Abstract
Aims: Arterial stiffness is known to be an important surrogate marker for atherosclerosis and predictor of peripheral vascular and cardiovascular (CV) disease. Whether high cardio-ankle vascular index (CAVI) is associated with the development of rapid glomerular filtration rate (GFR) decline remains uncertain. The study aimed to determine the relationship between CAVI and renal function progression among patients with high CV risk.
Methods: This study employed a prospective cohort design with 1-year follow-up among patients with high CV risk. Arterial stiffness was measured using CAVI method. GFR was estimated using the chronic kidney disease (CKD) epidemiology collaboration equation, and rapid decline in GFR was defined with decrease in GFR ≥ 5 mL/min/1.73 m2 yearly.

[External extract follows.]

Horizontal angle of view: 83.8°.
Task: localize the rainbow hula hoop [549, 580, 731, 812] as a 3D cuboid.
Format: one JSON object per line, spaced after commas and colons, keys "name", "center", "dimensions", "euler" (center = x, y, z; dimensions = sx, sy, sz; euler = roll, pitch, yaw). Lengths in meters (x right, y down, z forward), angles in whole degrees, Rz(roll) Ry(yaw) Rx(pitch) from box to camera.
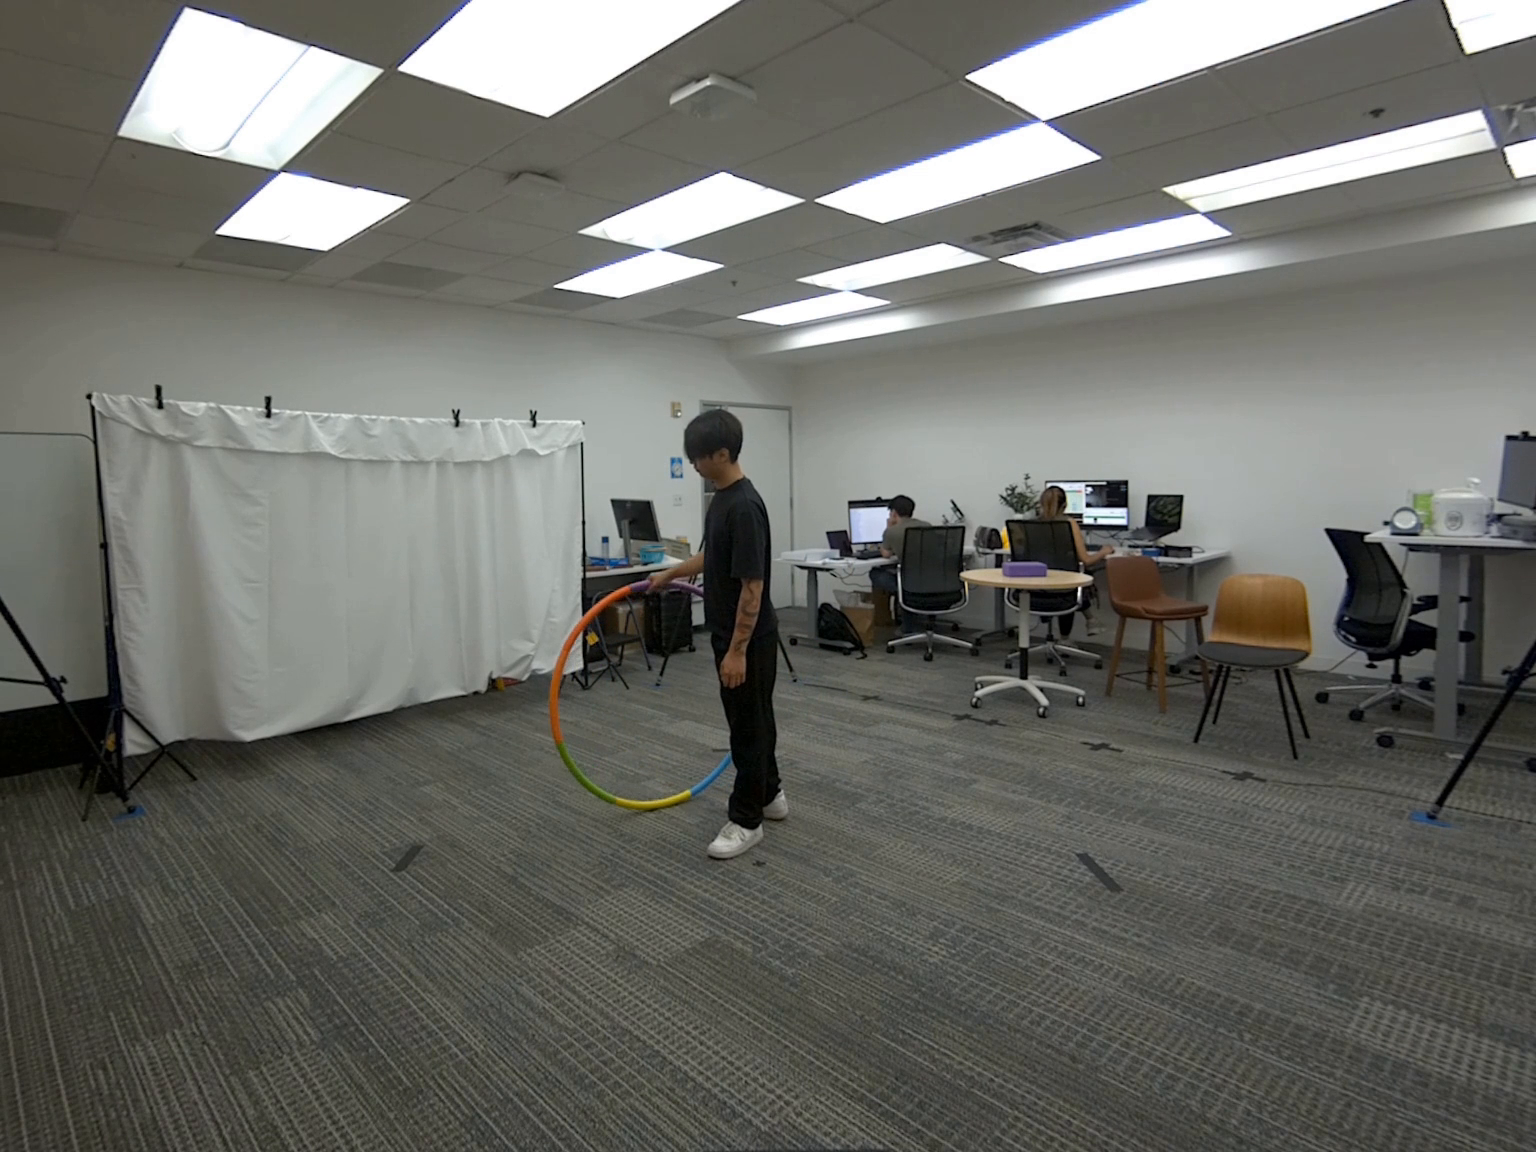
{"name": "rainbow hula hoop", "center": [-0.458, 0.508, 3.659], "dimensions": [0.954, 0.976, 0.036], "euler": [-4, 3, -33]}

Results: Of 352 patients with mean age 67.8 ± 10.1 years, 224 patients (63.6%) were suspected to have arteriosclerosis (CAVI ≥ 9), and 208 patients (59.1%) had CKD (GFR < 60 mL/min/1.73 m2). Annual decline of GFR was −0.75 [interquartile range (IQR), −1.16 to 6.08] mL/min/1.73 m2/year, and 30.1% of patients experienced a rapid decline in GFR. Compared with normal CAVI (CAVI < 8), high CAVI (CAVI ≥ 9) and borderline CAVI (CAVI 8–8.9) in all subjects and subgroup of baseline GFR > 60 mL/min/1.73 m2 were associated with rapid GFR decline. Multivariable analysis showed that high CAVI and borderline CAVI were associated with 2.47-fold (95% CI, 0.89–6.84; P = 0.082) and 4.04-fold (95% CI, 1.46–11.18; P = 0.007) increased odds ratio of rapid GFR decline, respectively.

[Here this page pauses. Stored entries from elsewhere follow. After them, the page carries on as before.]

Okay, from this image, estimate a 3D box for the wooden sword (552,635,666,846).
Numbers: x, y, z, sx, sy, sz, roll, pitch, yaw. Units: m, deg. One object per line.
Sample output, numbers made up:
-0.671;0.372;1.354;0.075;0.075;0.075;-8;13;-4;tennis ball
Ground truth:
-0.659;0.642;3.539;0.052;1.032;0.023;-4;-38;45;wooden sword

Conclusion: Among patients with high risk of CV with or without CKD, high CAVI (cut point of ≥ 9) was independently associated with a rapid decline in GFR, suggesting that systemic vascular stiffness predicted a decrease in renal function in this population.
Keywords: Cardio-ankle vascular index, Arterial stiffness, Chronic kidney disease, Glomerular filtration rate
Introduction
Increased arterial stiffness remains a major risk factor for cardiovascular (CV) diseases, and it is useful to estimate the degree of arteriosclerosis by examining arterial stiffness to prevent CV events1). Arterial stiffness and peripheral vascular disease are also particularly common complications of chronic kidney disease (CKD) and are related to volume expansion, uncontrolled hypertension, and vascular calcification among patients with CKD2–4). Therefore, risk factors of arterial disease and stiffness are implicated in the association between CV disease and kidney disease5). Stiffness of vessels potentially leads to microvascular ischemia and tissue damage including renal microvascular supply6).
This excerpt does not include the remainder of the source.